³ Department of Pathophysiology and Transplantation, Università degli Studi di Milano, Milan, Italy.
⁴ Sheila Sherlock Liver Centre, Royal Free London NHS Foundation Trust, London, UK; Department of Cellular Pathology, Royal Free London NHS Foundation Trust, London, UK.
⁵ Department of Clinical and Movement Neurosciences, UCL Queen Square Institute of Neurology, University College London, London UK.
⁶ Laboratory of Hepatic Metabolism and NAFLD, Roger Williams Institute of Hepatology, London, UK; Clinica Medica "Frugoni", Interdisciplinary Department of Medicine, University of Bari "Aldo Moro", Bari, Italy.
⁷ Department of Pathophysiology and Transplantation, Università degli Studi di Milano, Milan, Italy; Precision Medicine, Biological Resource Center, Fondazione IRCCS Ca' Granda Ospedale Maggiore Policlinico, Milan, Italy.
⁸ Department of Molecular and Clinical Medicine, Institute of Medicine, Sahlgrenska Academy, Wallenberg Laboratory, University of Gothenburg, Gothenburg, Sweden.
⁹ Regenerative Medicine and Fibrosis Group, Institute for Liver and Digestive Health, University College London, Royal Free Campus, London, UK. Electronic address: k.rombouts@ucl.ac.uk.

PMID: 38365182
DOI: 10.1016/j.jhep.2024.01.032

Abstract

Background & aims: The PNPLA3 rs738409 C>G (encoding for I148M) variant is a risk locus for the fibrogenic progression of chronic liver diseases, a process driven by hepatic stellate cells (HSCs). We investigated how the PNPLA3 I148M variant affects HSC biology using transcriptomic data and validated findings in 3D-culture models.

Methods: RNA sequencing was performed on 2D-cultured primary human HSCs and liver biopsies of individuals with obesity, genotyped for the PNPLA3 I148M variant. Data were validated in wild-type (WT) or PNPLA3 I148M variant-carrying HSCs cultured on 3D extracellular matrix (ECM) scaffolds from human healthy and cirrhotic livers, with/without TGFB1 or cytosporone B (Csn-B) treatment.

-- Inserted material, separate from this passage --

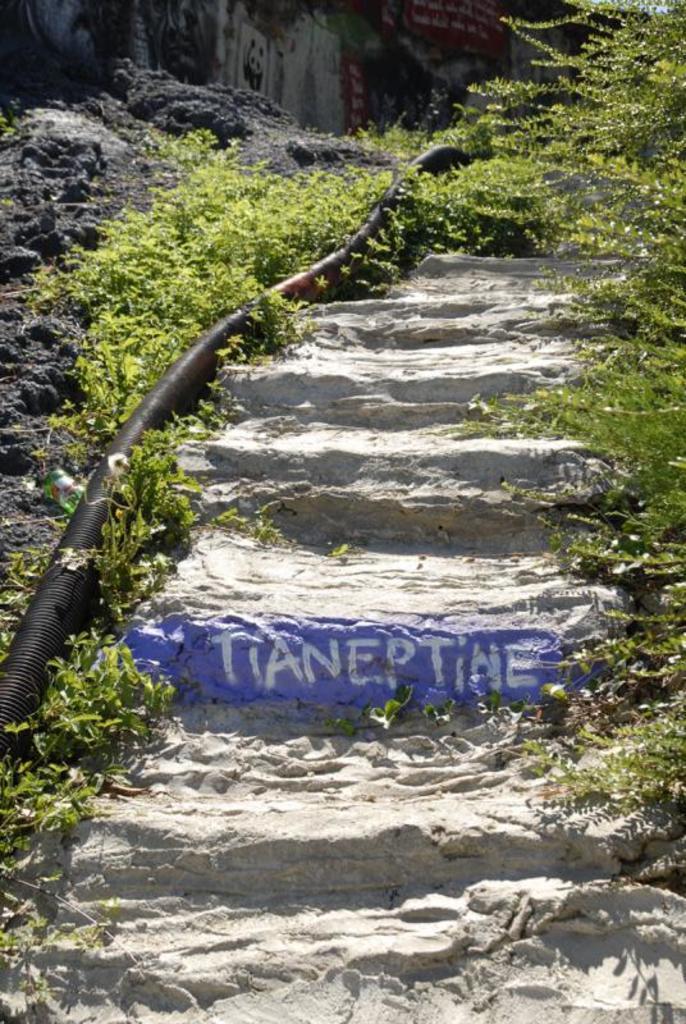Please provide a concise description of this image. In the picture I can see plants, steps and a black color pipe.

Results: Transcriptomic analyses of liver biopsies and HSCs highlighted shared PNPLA3 I148M-driven dysregulated pathways related to mitochondrial function, antioxidant response, ECM remodelling and TGFB1 signalling. Analogous pathways were dysregulated in WT/PNPLA3-I148M HSCs cultured in 3D liver scaffolds. Mitochondrial dysfunction in PNPLA3-I148M cells was linked to respiratory chain complex IV insufficiency. Antioxidant capacity was lower in PNPLA3-I148M HSCs, while reactive oxygen species secretion was increased in PNPLA3-I148M HSCs and higher in bioengineered cirrhotic vs. healthy scaffolds. TGFB1 signalling followed the same trend. In PNPLA3-I148M cells, expression and activation of the endogenous TGFB1 inhibitor NR4A1 were decreased: treatment with the Csn-B agonist increased total NR4A1 in HSCs cultured in healthy but not in cirrhotic 3D scaffolds. NR4A1 regulation by TGFB1/Csn-B was linked to Akt signalling in PNPLA3-WT HSCs and to Erk signalling in PNPLA3-I148M HSCs.

Conclusion: HSCs carrying the PNPLA3 I148M variant have impaired mitochondrial function, antioxidant responses, and increased TGFB1 signalling, which dampens antifibrotic NR4A1 activity. These features are exacerbated by cirrhotic ECM, highlighting the dual impact of the PNPLA3 I148M variant and the fibrotic microenvironment in progressive chronic liver diseases.

Impact and implications: Hepatic stellate cells (HSCs) play a key role in the fibrogenic process associated with chronic liver disease. The PNPLA3 genetic mutation has been linked with increased risk of fibrogenesis, but its role in HSCs requires further investigation. Here, by using comparative transcriptomics and a novel 3D in vitro model, we demonstrate the impact of the PNPLA3 genetic mutation on primary human HSCs' behaviour, and we show that it affects the cell's mitochondrial function and antioxidant response, as well as the antifibrotic gene NR4A1. Our publicly available transcriptomic data, 3D platform and our findings on NR4A1 could facilitate the discovery of targets to develop more effective treatments for chronic liver diseases.

Keywords: 3-dimensional (3D) models; Hepatic stellate cells; NR4A1 (Nur77); PNPLA3; TGFB1; extracellular matrix (ECM); fibrosis; mitochondrial dysfunction; oxidative stress; transcriptomics.